“Hani kedi? Hani beşik?”
Ayşe Başcı, Mahir Ünsal Eriş'in çevirisiyle yeniden basılan Kurt Vonnegut Jr.’ın dördüncü romanı Kedi Beşiği üzerine yazdı. “Kedi Beşiği dinlerin, siyasetin, iktidarın, bilimin, ailenin ve insan tabiatının bir eleştirisi.“
Bugünün çocukları ip oyunlarını biliyor mu emin değilim. Nesilleri bıçakla kesilmiş gibi birbirinden ayıran kuramlara göre bir X Kuşağı mensubu olarak bu oyunları babaannemden öğrenmiştim. İp oyunu derken şunu kastediyorum: Uzunca bir ip alınır, iki ucu birbirine bağlanarak kapalı bir çembere dönüştürülür. İki elinizi başparmaklarınız dışarıda kalacak şekilde bu çembere geçirip iyice gerer, ellerinizi bilekten çevirerek ipi birer tur elinize dolarsınız ve oyun başlar. Bundan sonra ister sağ elinizin orta parmağını sol elinizdeki halkaya geçirir ister başka numaralar yapar, bir şekil ortaya çıkarırsınız. Sıra karşıdaki oyuncuya geçer. İpleri tutup içten dışa, dıştan içe, önden arkaya, akla hayale gelmeyecek şekillerde çevirerek sizin oluşturduğunuz şekli bozar ve ipi kendi eline geçirerek yeni bir şekil üretir. Ve sıra yine size gelir… Bir olasılıklar oyunudur bu. Ve oluşan şekillerin isimleri vardır ama bu isimlerin anlamlı olması gerekmez. Mesela “kedi beşiği”. Neden?
Kurt Vonnegut Jr. Kedi Beşiği romanında cüce karakteri Newt’a bunu sorgulatır:
“Çocukların zıvanadan çıkmasına şaşmamak lazım. Kedi beşiği denen şey birinin ellerinin arasındaki çarpı işaretlerinden başka bir şey değil, çocuklar bu çarpı işaretlerine bakar, bakar, bakar…”
“Ve?”
“Ne kedi görürler ne de beşik.” (s. 188)
Romanda, görünenin ya da söylenenin sorgulanmadan kabul ya da reddedildiği durumlarda da tekrarlanıyor bu söylem: “Hani kedi? Hani beşik?”
Kurt Vonnegut Jr.’ın dördüncü romanı olan Kedi Beşiği aynı zamanda yazarın tanınmasını da sağlayan kitap. Hatta romandan yaklaşık 15 yıl önce Amerikan yerlilerinin Hayalet Dansı ayinleri üzerine hazırladığı antropoloji yüksek lisans tezini “çok basit ve eğlenceli olduğu” gerekçesiyle reddeden Chicago Üniversitesi, 1971’de Kedi Beşiği'ni yüksek lisans tezi olarak değerlendirip yazara diplomasını gecikmeli olarak vermiş. İnsan bunu öğrenince yine sormadan edemiyor: Hani kedi? Hani beşik?
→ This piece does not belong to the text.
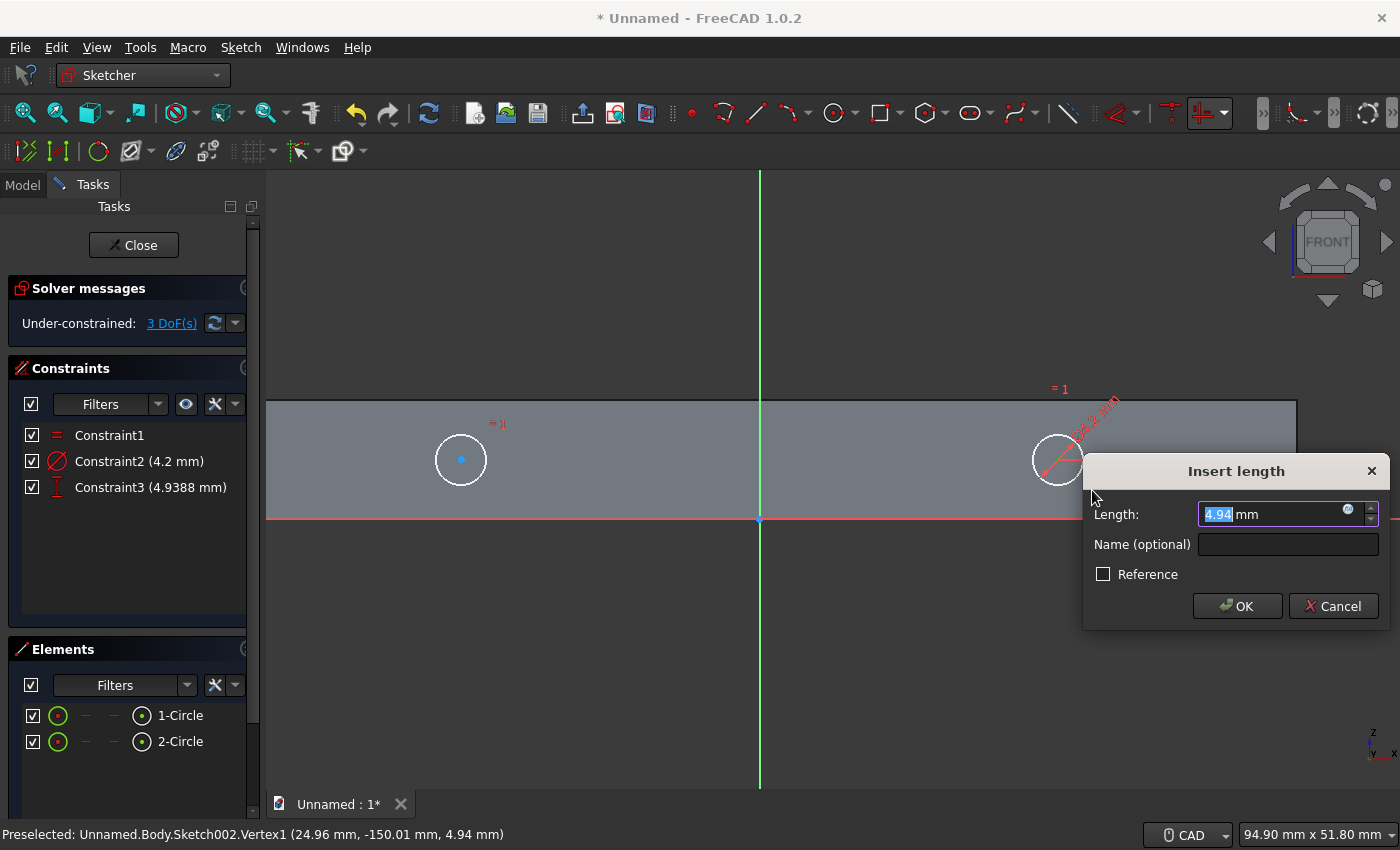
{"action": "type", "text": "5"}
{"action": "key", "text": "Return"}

Gelelim kitabın konusuna. “Moby Dick”’in girişindeki “Bana Ishmael deyin” cümlesine atıfla, “Bana Jonah deyin” cümlesiyle başlayan roman, dini öğelerle işlenmiş bir metinle karşı karşıya olduğumuzu daha en baştan gösteriyor. Eski Ahit’te Jonah’ın (İslamiyet’teki Yunus peygamber) balinanın karnındaki seyahatine ve bazı Hıristiyanlık öğretilerine roman içinde yer yer değiniliyor. Ama bu roman bir Hıristiyanlık eleştirisi değil. Kitabın arka kapak tanıtımında yazdığı gibi “küresel bir felaketin her zaman ne kadar yakınımızda olduğuna dair acı ironi”den ibaret de değil. Kedi Beşiği dinlerin, siyasetin, iktidarın, bilimin, ailenin ve insan tabiatının bir eleştirisi.
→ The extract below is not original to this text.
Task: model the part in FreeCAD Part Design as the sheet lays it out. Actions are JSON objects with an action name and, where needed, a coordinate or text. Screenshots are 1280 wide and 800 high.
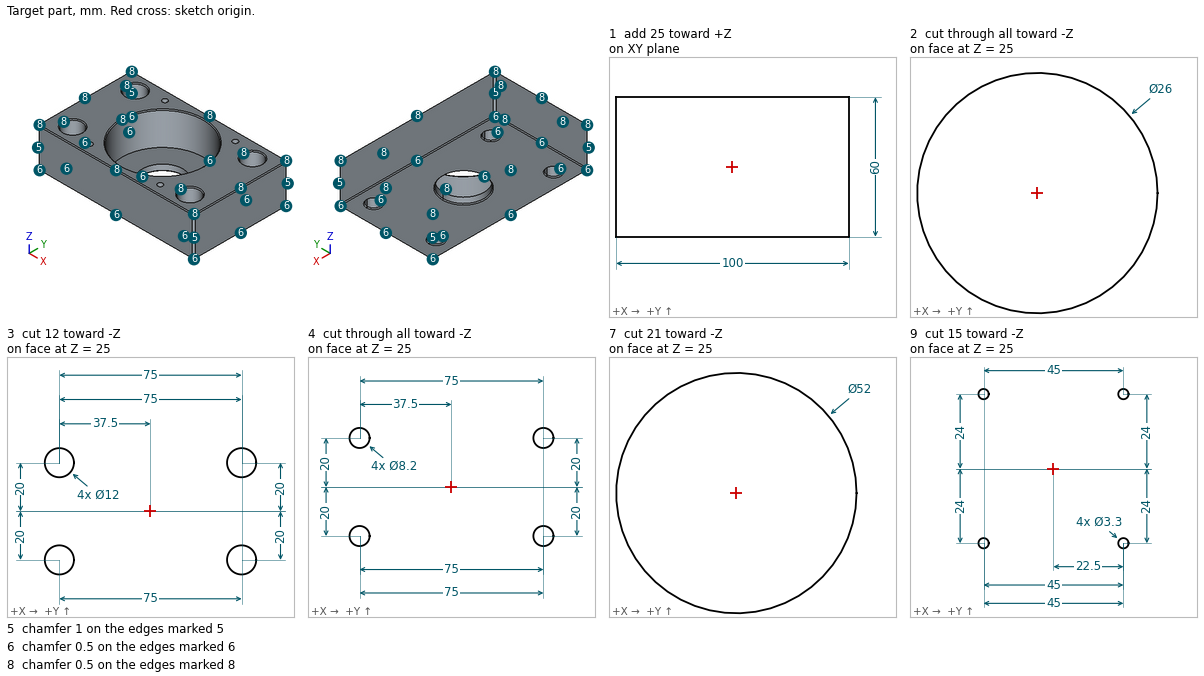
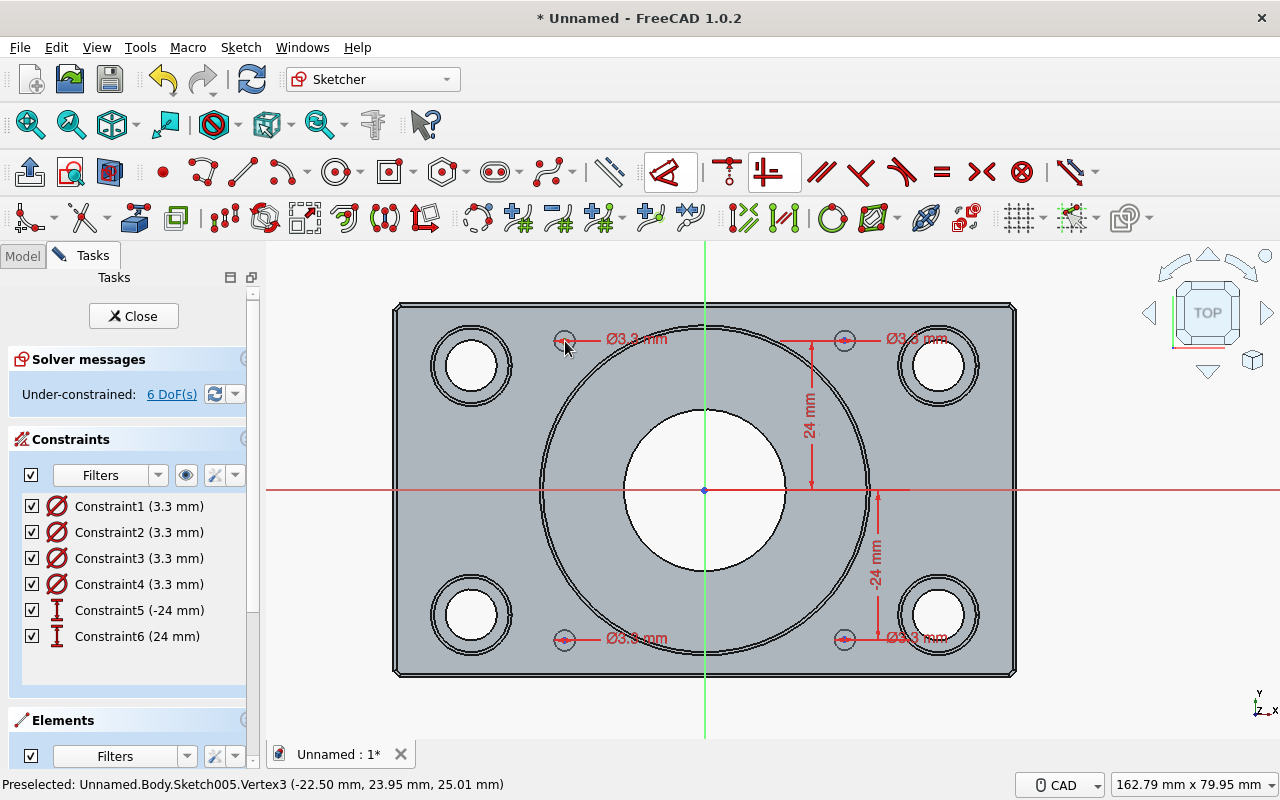
{"action": "left_click", "coordinate": [692, 172]}

Anlatıcımız Jonah, “Dünyanın Son Günü” adlı bir kitap yazmaya hazırlanıyor ve İkinci Dünya Savaşı’nda ilk atom bombasının Hiroşima’ya atıldığı gün bazı “büyük” Amerikalıların ne yaptığını araştırmaya başlıyor. Bombanın “baba”larından sayılan Dr. Felix Hoenikker de araştırma listesinde yer alıyor. Hoenikker’in çocuklarıyla temasa geçiyor ve böylece birbirine eklemlenen karakterlerle genişleyen, San Lorenzo adlı hayali bir ülkede son bulan hikâyemiz başlıyor.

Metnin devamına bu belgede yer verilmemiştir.